START Records for this exercise
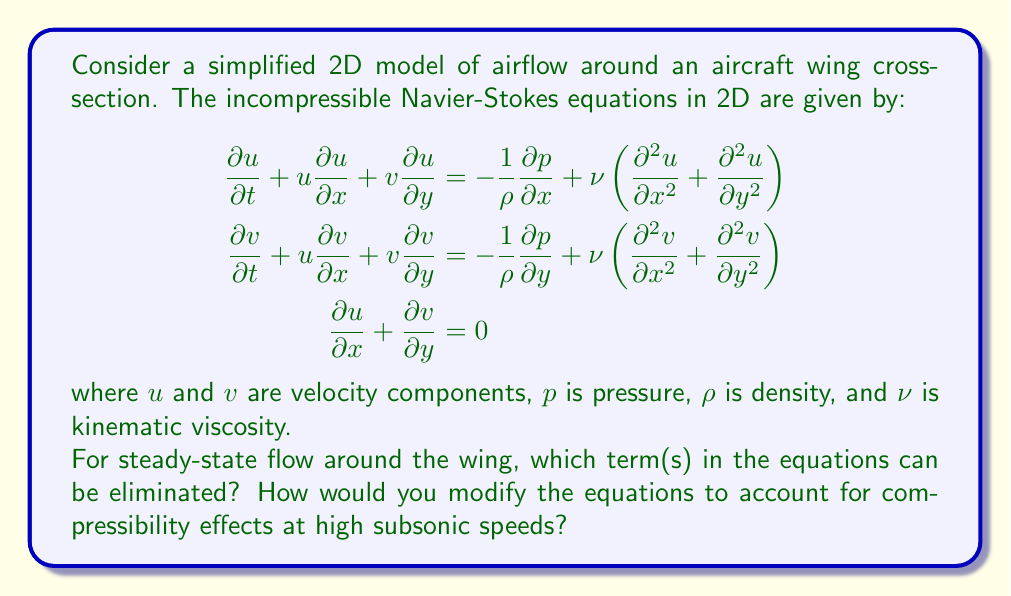Can you solve this math problem? To answer this question, we need to consider the physical meaning of each term in the Navier-Stokes equations and how they relate to steady-state flow and compressibility:

1. Steady-state flow:
   In steady-state conditions, the flow properties do not change with time. This means that all time derivatives can be eliminated from the equations. The terms that can be eliminated are:

   $$\frac{\partial u}{\partial t} \text{ and } \frac{\partial v}{\partial t}$$

   The modified steady-state equations become:

   $$\begin{aligned}
   u\frac{\partial u}{\partial x} + v\frac{\partial u}{\partial y} &= -\frac{1}{\rho}\frac{\partial p}{\partial x} + \nu\left(\frac{\partial^2 u}{\partial x^2} + \frac{\partial^2 u}{\partial y^2}\right) \\
   u\frac{\partial v}{\partial x} + v\frac{\partial v}{\partial y} &= -\frac{1}{\rho}\frac{\partial p}{\partial y} + \nu\left(\frac{\partial^2 v}{\partial x^2} + \frac{\partial^2 v}{\partial y^2}\right) \\
   \frac{\partial u}{\partial x} + \frac{\partial v}{\partial y} &= 0
   \end{aligned}$$

2. Compressibility effects:
   To account for compressibility effects at high subsonic speeds, we need to make several modifications:

   a. Include the energy equation:
      $$\rho c_p \left(\frac{\partial T}{\partial t} + u\frac{\partial T}{\partial x} + v\frac{\partial T}{\partial y}\right) = k\left(\frac{\partial^2 T}{\partial x^2} + \frac{\partial^2 T}{\partial y^2}\right) + \Phi$$
      where $T$ is temperature, $c_p$ is specific heat at constant pressure, $k$ is thermal conductivity, and $\Phi$ is the dissipation function.

   b. Use the ideal gas law to relate density, pressure, and temperature:
      $$p = \rho R T$$
      where $R$ is the specific gas constant.

   c. Allow density to vary in the continuity equation:
      $$\frac{\partial \rho}{\partial t} + \frac{\partial (\rho u)}{\partial x} + \frac{\partial (\rho v)}{\partial y} = 0$$

   d. Include variable density in the momentum equations:
      $$\begin{aligned}
      \rho\left(\frac{\partial u}{\partial t} + u\frac{\partial u}{\partial x} + v\frac{\partial u}{\partial y}\right) &= -\frac{\partial p}{\partial x} + \frac{\partial}{\partial x}\left(\mu\frac{\partial u}{\partial x}\right) + \frac{\partial}{\partial y}\left(\mu\frac{\partial u}{\partial y}\right) \\
      \rho\left(\frac{\partial v}{\partial t} + u\frac{\partial v}{\partial x} + v\frac{\partial v}{\partial y}\right) &= -\frac{\partial p}{\partial y} + \frac{\partial}{\partial x}\left(\mu\frac{\partial v}{\partial x}\right) + \frac{\partial}{\partial y}\left(\mu\frac{\partial v}{\partial y}\right)
      \end{aligned}$$
      where $\mu$ is the dynamic viscosity.

   e. Consider the Mach number in the simulation to determine the degree of compressibility effects.

These modifications allow for a more accurate representation of the airflow around aircraft surfaces at high subsonic speeds, accounting for the compressibility effects that become significant as the flow velocity approaches the speed of sound.
Answer: For steady-state flow, the time derivative terms $\frac{\partial u}{\partial t}$ and $\frac{\partial v}{\partial t}$ can be eliminated from the Navier-Stokes equations.

To account for compressibility effects at high subsonic speeds:
1. Include the energy equation
2. Use the ideal gas law
3. Allow for variable density in the continuity equation
4. Include variable density in the momentum equations
5. Consider the Mach number to determine the degree of compressibility effects
END Records for this exercise
▶ Work to be completed:
Filter the entries above and copy only the lines that hold "variable".

▶ Response area:
   d. Include variable density in the momentum equations:
3. Allow for variable density in the continuity equation
4. Include variable density in the momentum equations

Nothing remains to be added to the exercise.